Be mindful of the following:

  • Although there should be an insubordination policy in-place, there are unique circumstances. This is why each situation should be handled on a case-to-case basis. For example, if an issue is minor and is a first-time infraction, a written warning would be appropriate. In contrast, if harsh measures were taken in response to a minor incident, this could result in workplace disharmony.
  • When termination is the desired course of action, employers can expect a response and further action may be required. For example, a former employee may challenge a company's decision and threaten legal action. They may also request unemployment benefits. Always apply the rules consistently, regardless of who the employee is. Be prepared and respond appropriately.
  • Regardless of the situation, effective communication will be imperative. When giving commands, the best way to communicate is via written documentation. This will outline what should be done, by who, where, and when. Also, be sure to properly communicate company policies (i.e. within handbooks and/or agreements).
  • The same policies which apply to employees also apply to managerial staff. Once again, this will ensure that favoritism is avoided. If any disharmony occurs between managers and staff members, this needs to be addressed immediately. Always listen to both sides before taking action.
  • Always consider the circumstances and understand the situation. For example, if workplace inefficiency is an issue, this could impact an employee's ability to perform requested tasks. For example, if an employee has taken on the duties of three employees and can no longer handle the workload, this needs to be taken into consideration. Stress is another common factor, which is why it's important to listen to what the employee has to say.
Please note: The best thing to do in this situation is to listen to the company's most valued employees. They will often provide greater insight into any potential conflicts. Understanding the source of dysfunctional is imperative.

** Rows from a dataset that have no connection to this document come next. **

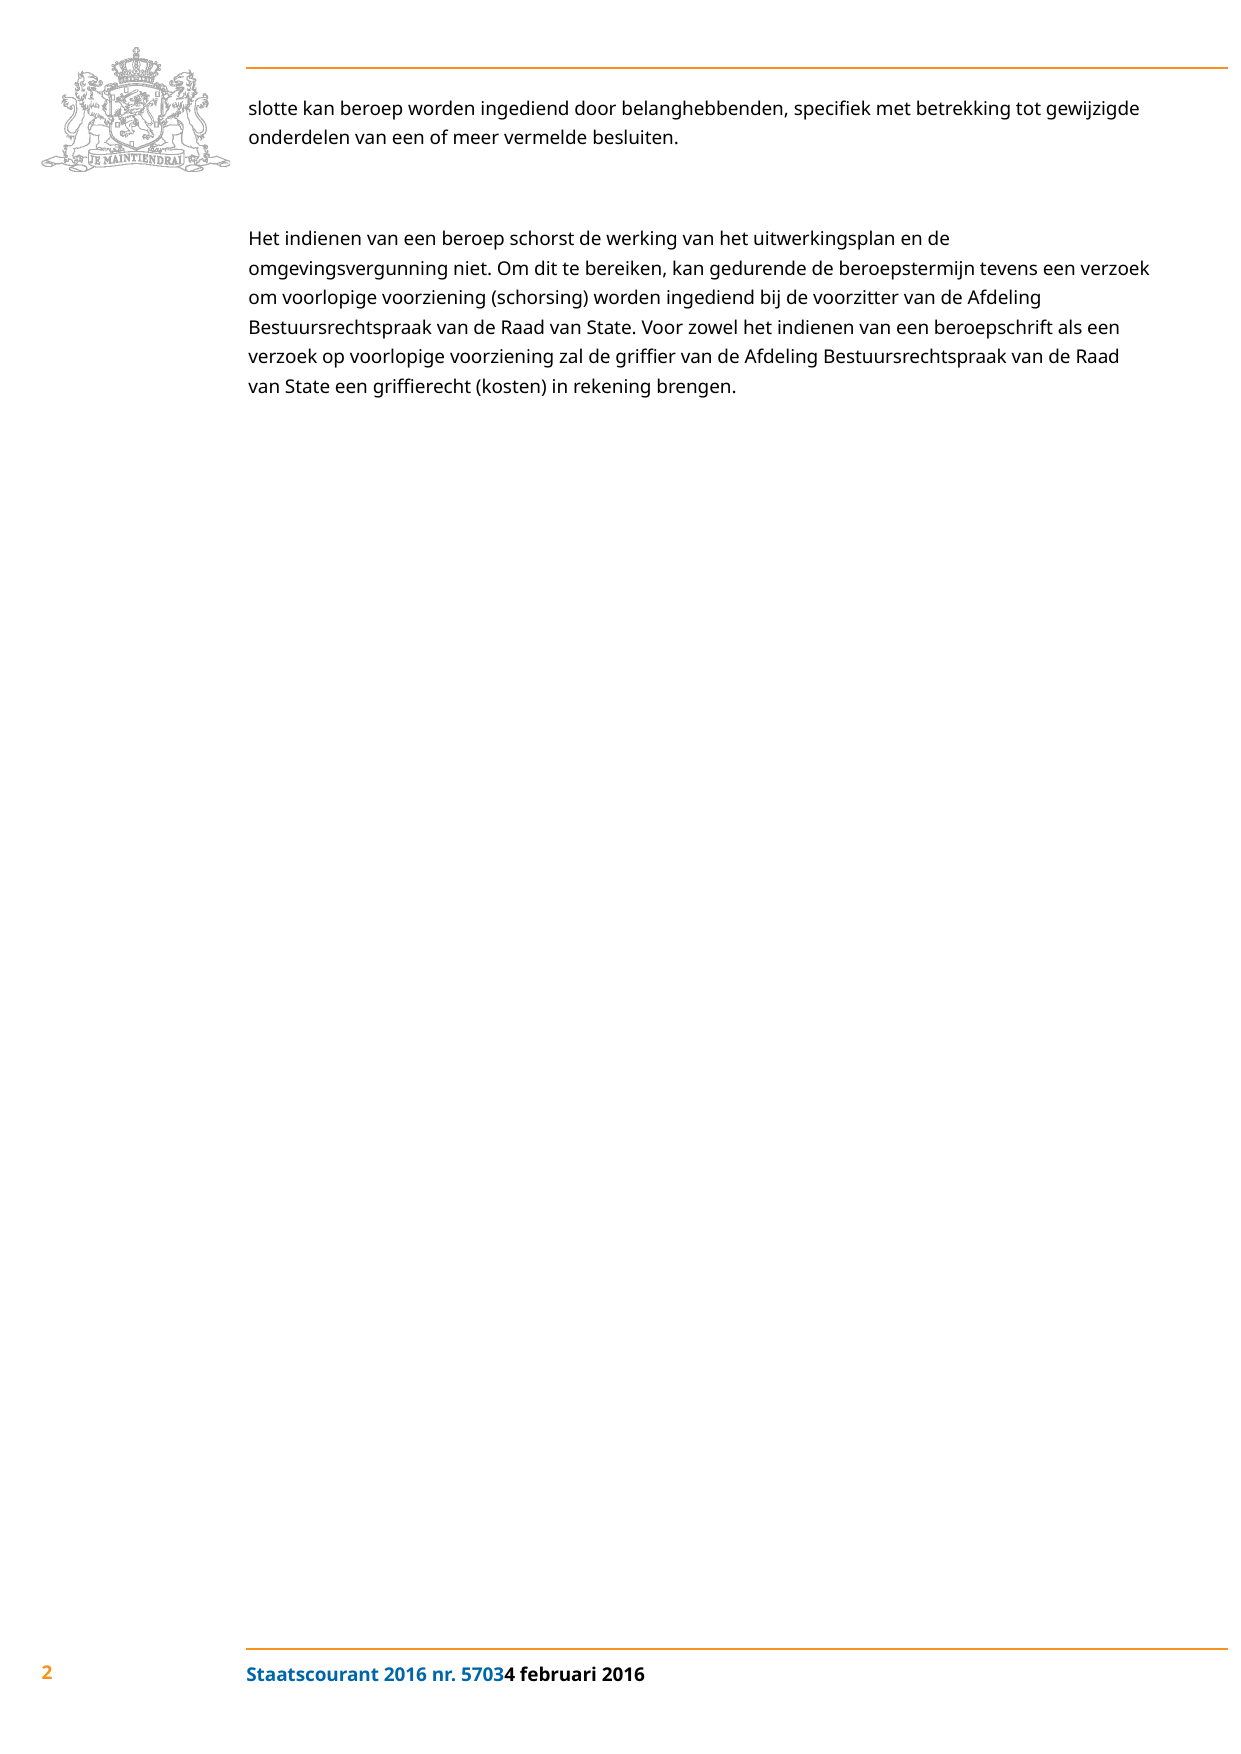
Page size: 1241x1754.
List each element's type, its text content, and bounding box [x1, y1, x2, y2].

text slotte kan beroep worden ingediend door belanghebbenden, specifiek met betrekking tot gewijzigde onderdelen van een of meer vermelde besluiten. [248, 95, 1152, 150]
picture [41, 47, 231, 172]
text Het indienen van een beroep schorst de werking van het uitwerkingsplan en de omgevingsvergunning niet. Om dit te bereiken, kan gedurende de beroepstermijn tevens een verzoek om voorlopige voorziening (schorsing) worden ingediend bij de voorzitter van de Afdeling Bestuursrechtspraak van de Raad van State. Voor zowel het indienen van een beroepschrift als een verzoek op voorlopige voorziening zal de griffier van de Afdeling Bestuursrechtspraak van de Raad van State een griffierecht (kosten) in rekening brengen. [248, 225, 1152, 399]
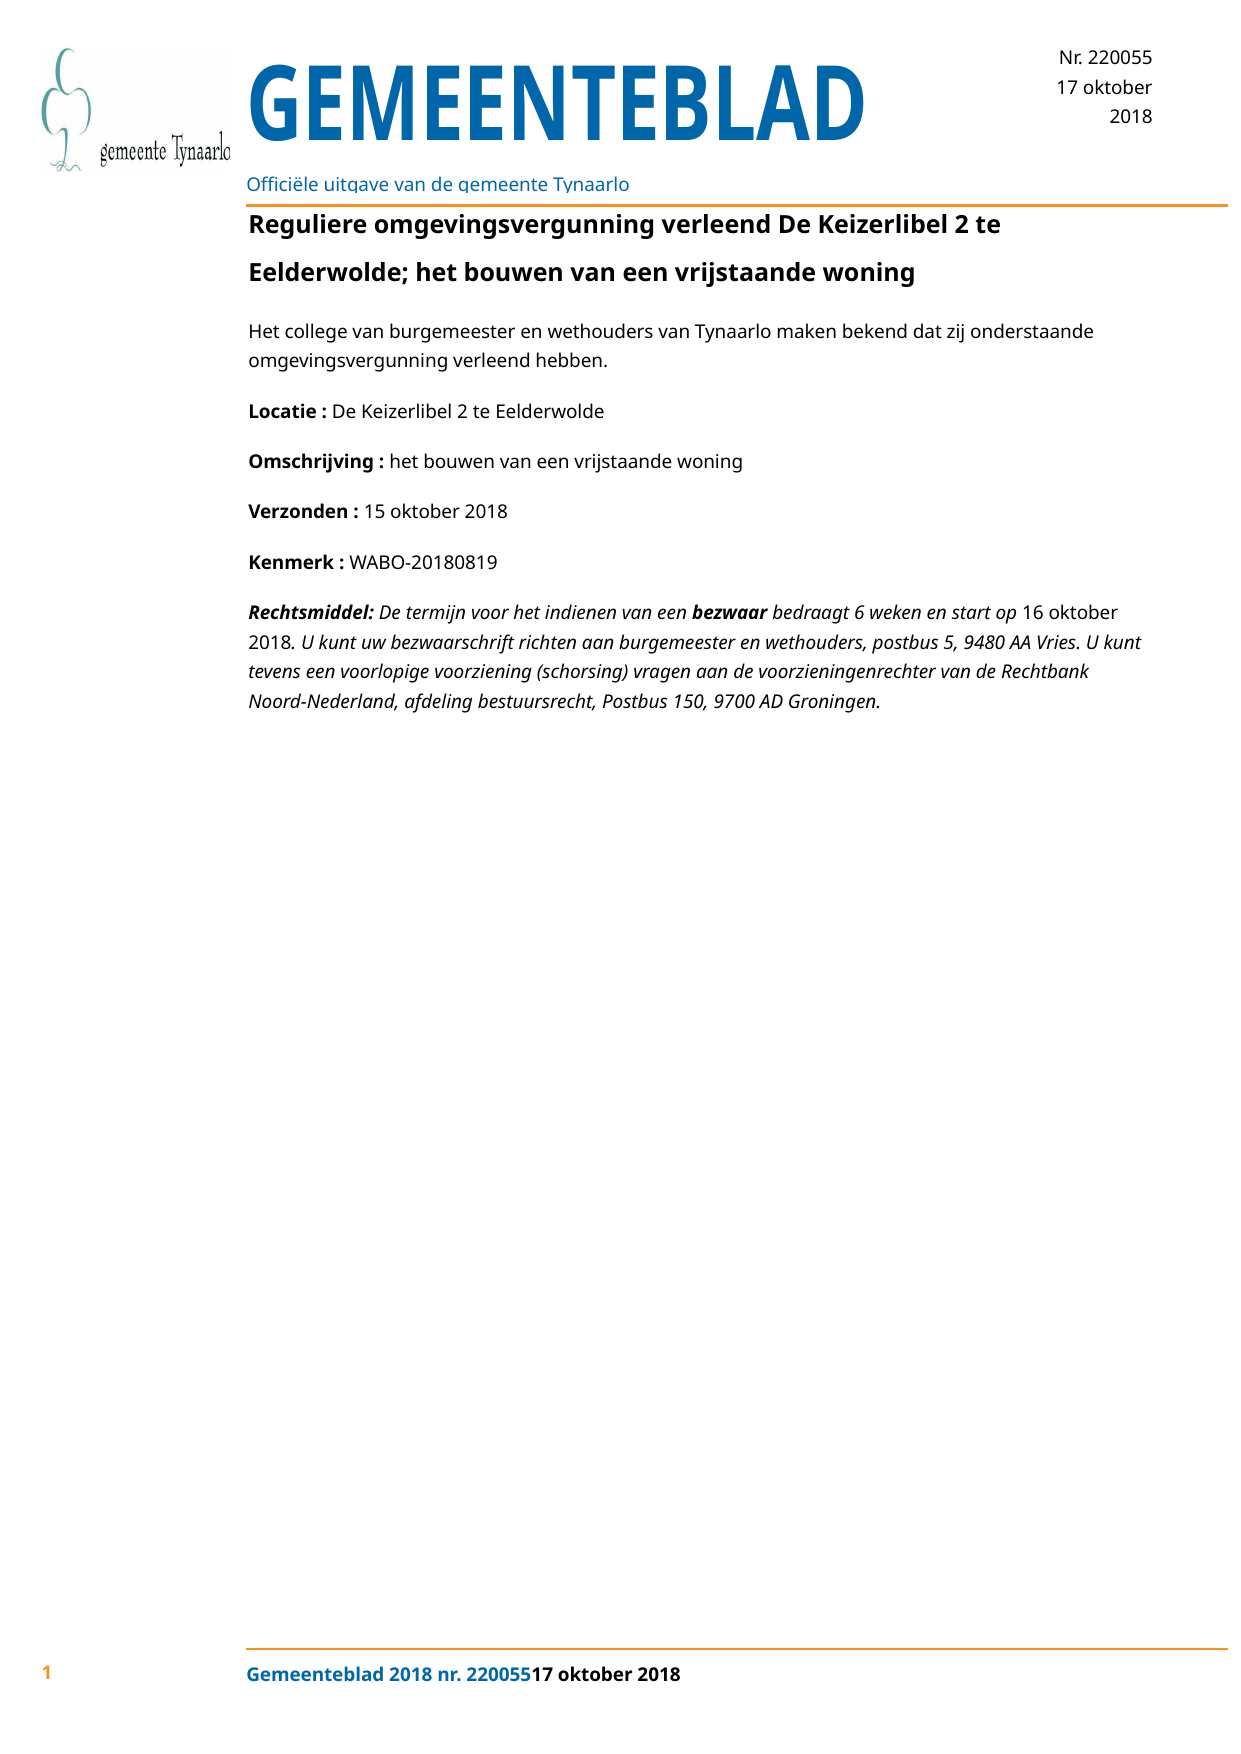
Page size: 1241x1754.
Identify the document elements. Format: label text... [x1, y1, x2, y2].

text Rechtsmiddel: De termijn voor het indienen van een bezwaar bedraagt 6 weken en start op 16 oktober 2018. U kunt uw bezwaarschrift richten aan burgemeester en wethouders, postbus 5, 9480 AA Vries. U kunt tevens een voorlopige voorziening (schorsing) vragen aan de voorzieningenrechter van de Rechtbank Noord-Nederland, afdeling bestuursrecht, Postbus 150, 9700 AD Groningen. [248, 599, 1152, 714]
text Het college van burgemeester en wethouders van Tynaarlo maken bekend dat zij onderstaande omgevingsvergunning verleend hebben. [248, 318, 1152, 373]
text Locatie : De Keizerlibel 2 te Eelderwolde [248, 398, 1152, 424]
text Verzonden : 15 oktober 2018 [248, 499, 1152, 524]
text Omschrijving : het bouwen van een vrijstaande woning [248, 448, 1152, 474]
text Kenmerk : WABO-20180819 [248, 549, 1152, 575]
picture [41, 47, 231, 172]
text Reguliere omgevingsvergunning verleend De Keizerlibel 2 te Eelderwolde; het bouwen van een vrijstaande woning [248, 207, 1152, 288]

Acceptable Grounds for Termination

Although there are gray areas in regards to insubordination, which often require an employer's best judgment, there are clear-cut situations when termination is 100 percent acceptable.

  • If managers or company owners are already concerned with the level of disrespect and an employee intentionally dismisses orders or misses deadlines, termination may be required.
  • If the insubordinate employee refuses to take responsibility or continues to give multiple excuses are to why their work is incomplete, termination may follow.
  • When work is not completed and an employee blames others for their lack of initiative, termination may be considered.
  • Lastly, if an employee is always late or simply disregards their work schedule, which then impacts workplace productivity, this is solid grounds for termination.

Bottom line: More often than not, insubordinate employees will showcase behavioral patterns across time. If you have issued warnings and commented on their behavior in the past, yet they do not try to correct themselves, termination is the appropriate option.